Indigenous inmates at the Elgin-Middlesex Detention Centre may soon get the opportunity to participate in a cultural sweat ceremony, all while behind bars.

In 2014, the institution's community advisory board made its first recommendation to the Ministry of Community Safety and Correctional Services to build a sweat lodge – a round shaped structure with heated stones, along with a ceremony performed inside, often led by an elder.

The chair of the advisory board, Rebecca Howse, said the push came after the board received feedback from Indigenous inmates and several correctional officers at the EMDC.

"They were aware of the positive effect that a sweat lodge has for First Nations people to connect…with more traditional, cultural practices or to reconnect with them while inside an institution," said Howse – hopeful a sweat lodge will help with rehabilitation.

The board has yet to receive final approval from the ministry. However, Howse said EMDC's admitting and discharge unit is currently under construction for an expansion project. She's hopeful a green space – half the size of a soccer field – surrounding the reconstructed building will be devoted to a sweat lodge and a teepee, installed by the end of 2018.

Elgin-Middlesex Detention Centre

(Kerry McKee/CBC)

'Focus on the good'

Kevin Broadbent, a Rainy River First Nations man, said a sweat lodge would have helped him while he was behind bars at the EMDC more than a decade ago.

"When the [institution] shifts the focus on the good that's in the person, then that good really does come out," he told CBC News.

"When the person receives the right teachings and they can focus on the good on themselves, it empowers them, it gives them that fight to see it through and stay on that right path."

Inmates who are interested in participating in a ceremonial sweat would have to go through EMDC's native inmate liaison officer, who facilitates counselling using traditional practices such as a pipe and medicine wheel. An elder would then be invited to conduct a sweat ceremony once a week.

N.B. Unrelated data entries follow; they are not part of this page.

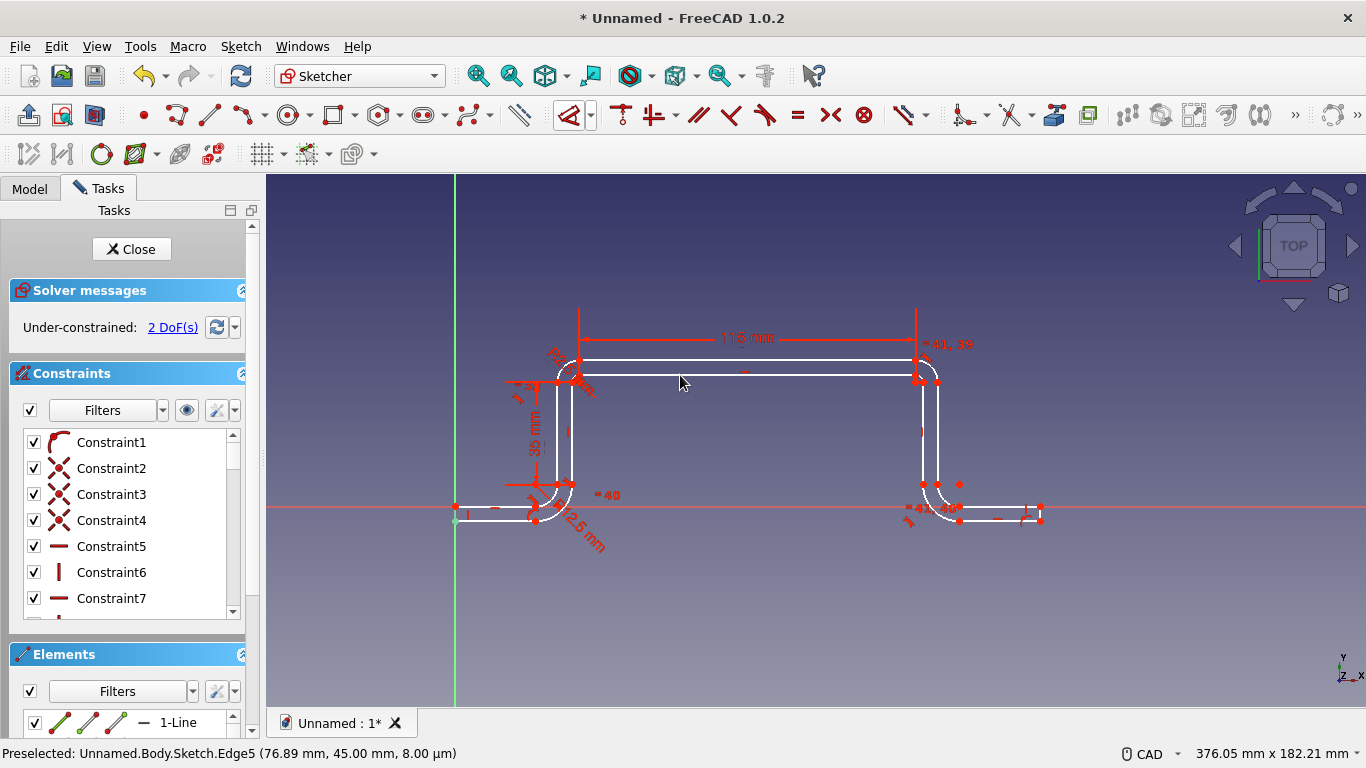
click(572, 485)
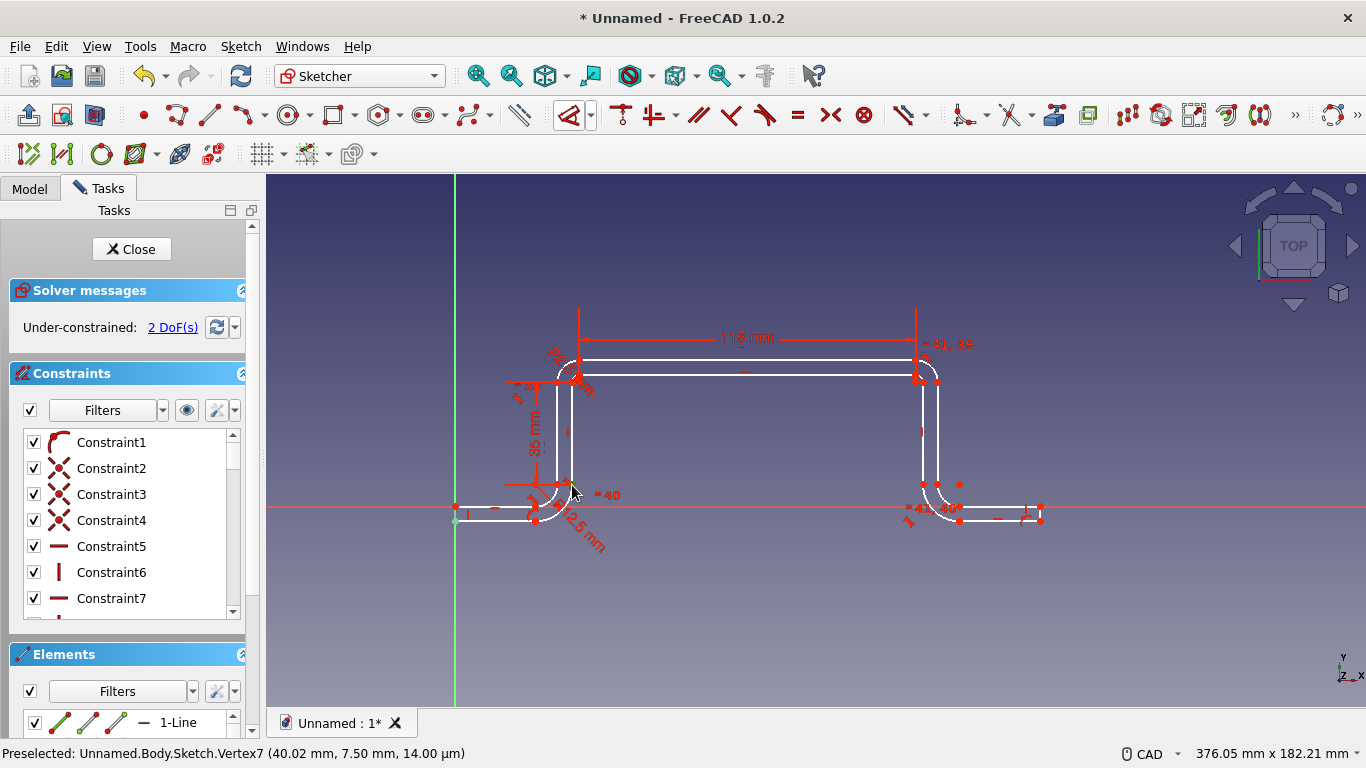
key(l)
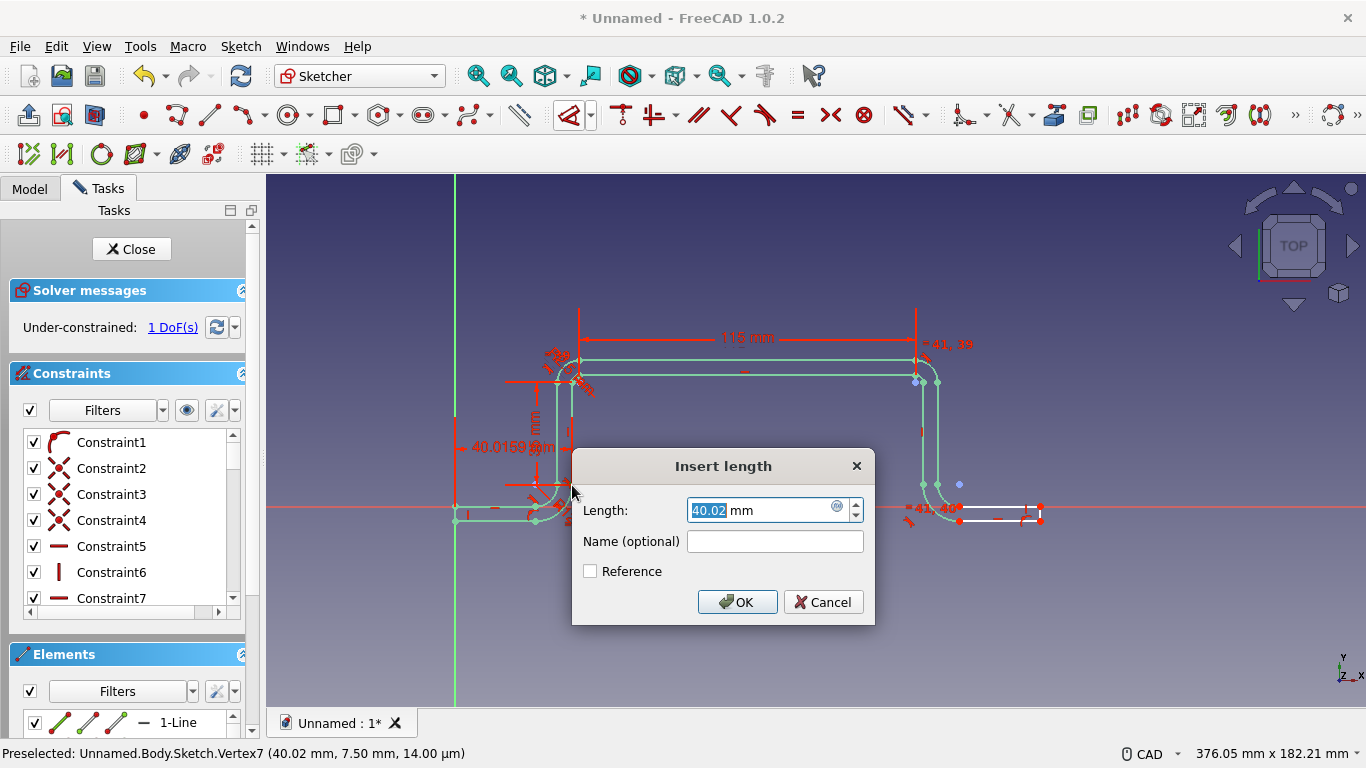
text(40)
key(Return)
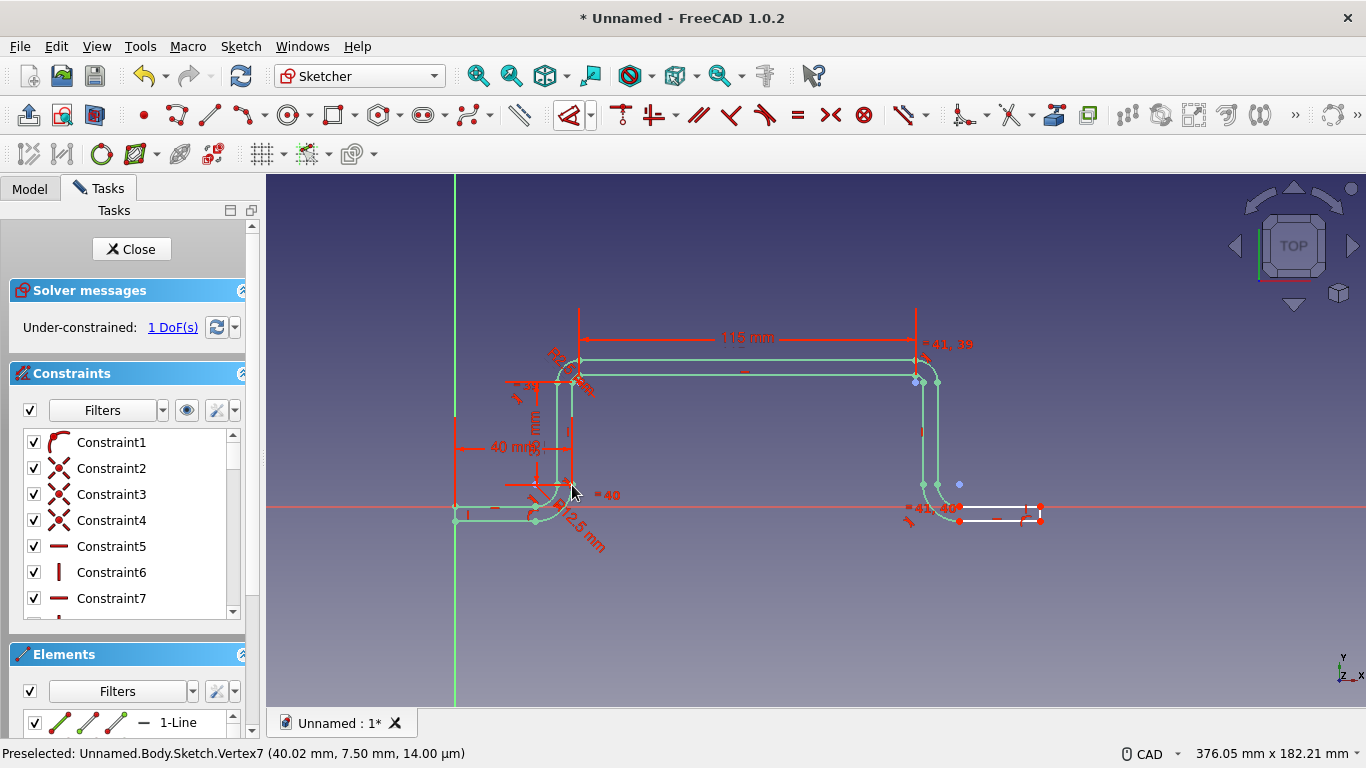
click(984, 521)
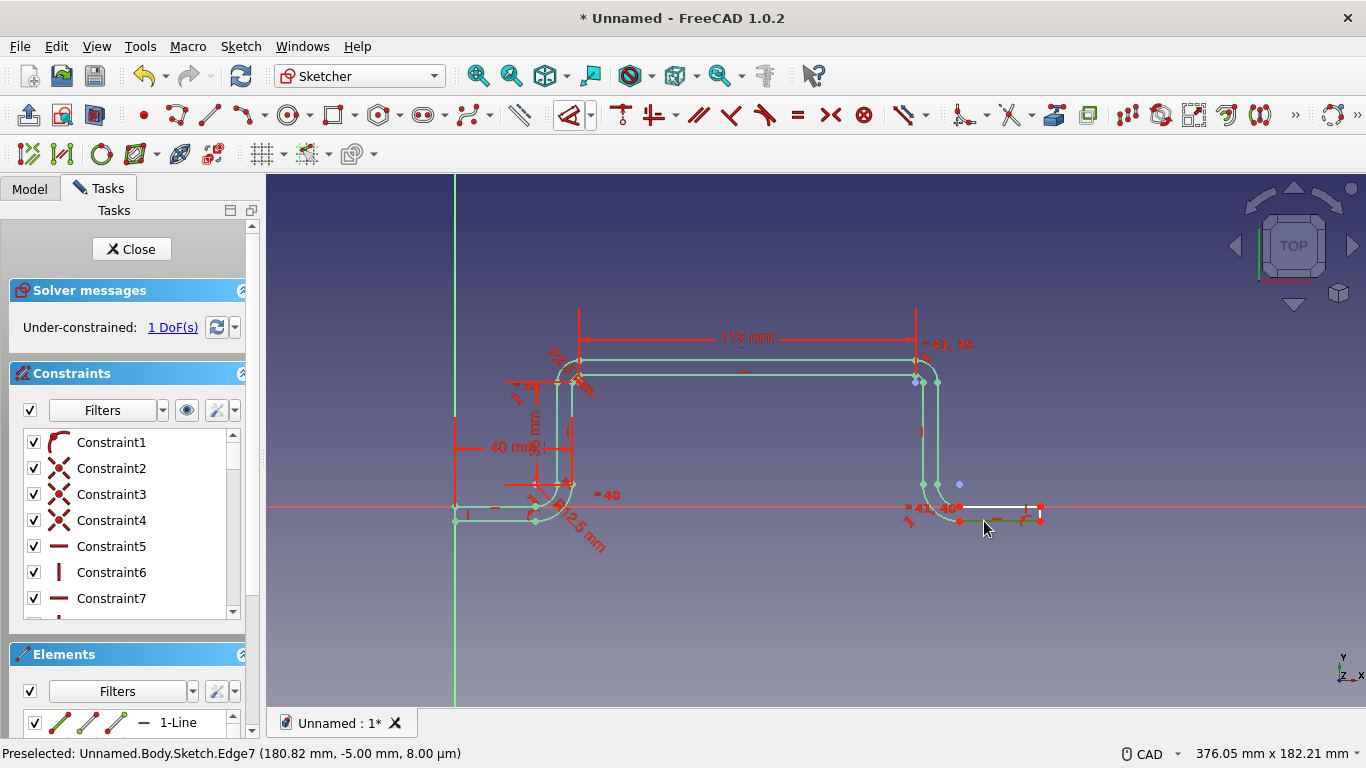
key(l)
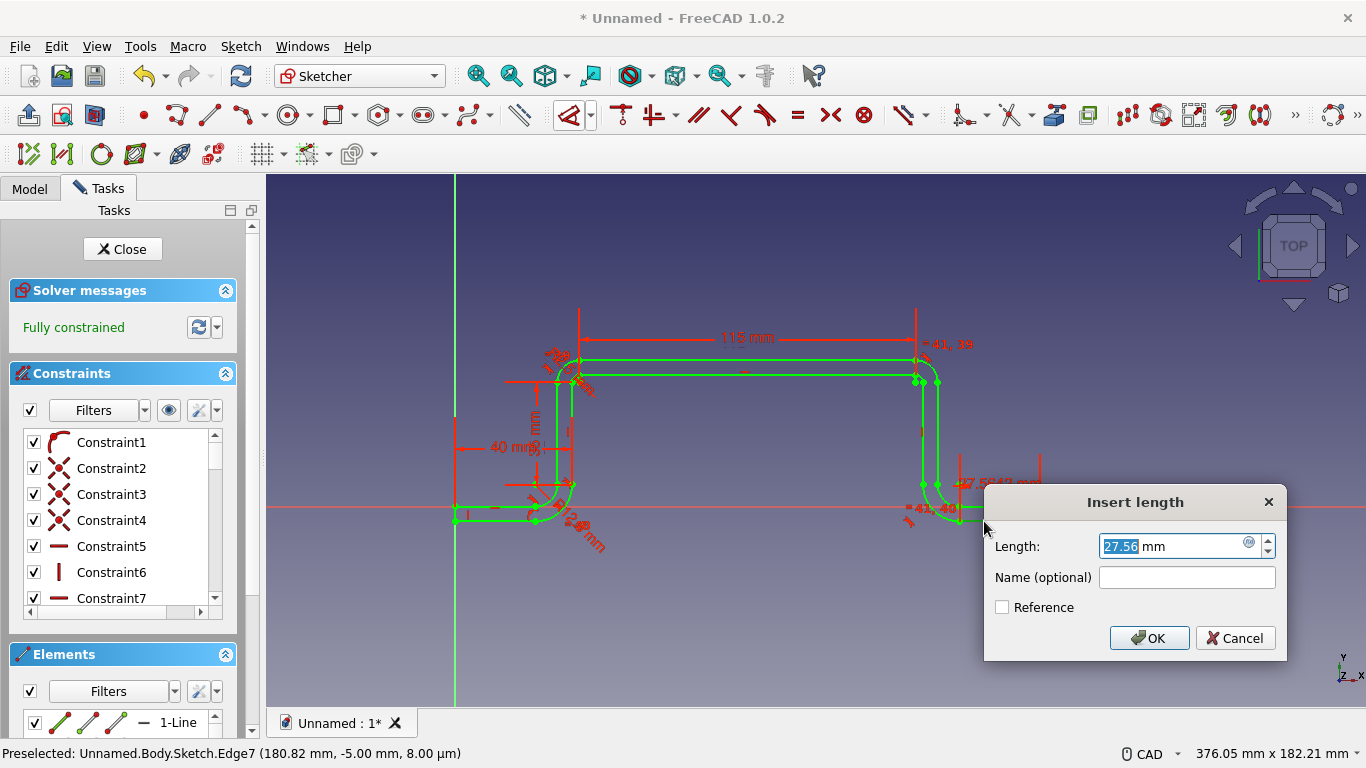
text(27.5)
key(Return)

The ministry confirmed that more than 40 employees at EMDC received Indigenous awareness training – which includes cultural and historical lessons and conversations with Indigenous correctional officers – in July. More training sessions are planned for next month to include the rest of the jail's workforce.

EMDC has recently come under fire for not ensuring the safety of inmates after a London judge released a video, showing a gruesome attack at the jail.

One London lawyer has even gone so far as to say the institution should be torn down and replaced with a more modern facility to help stop the increasing violence.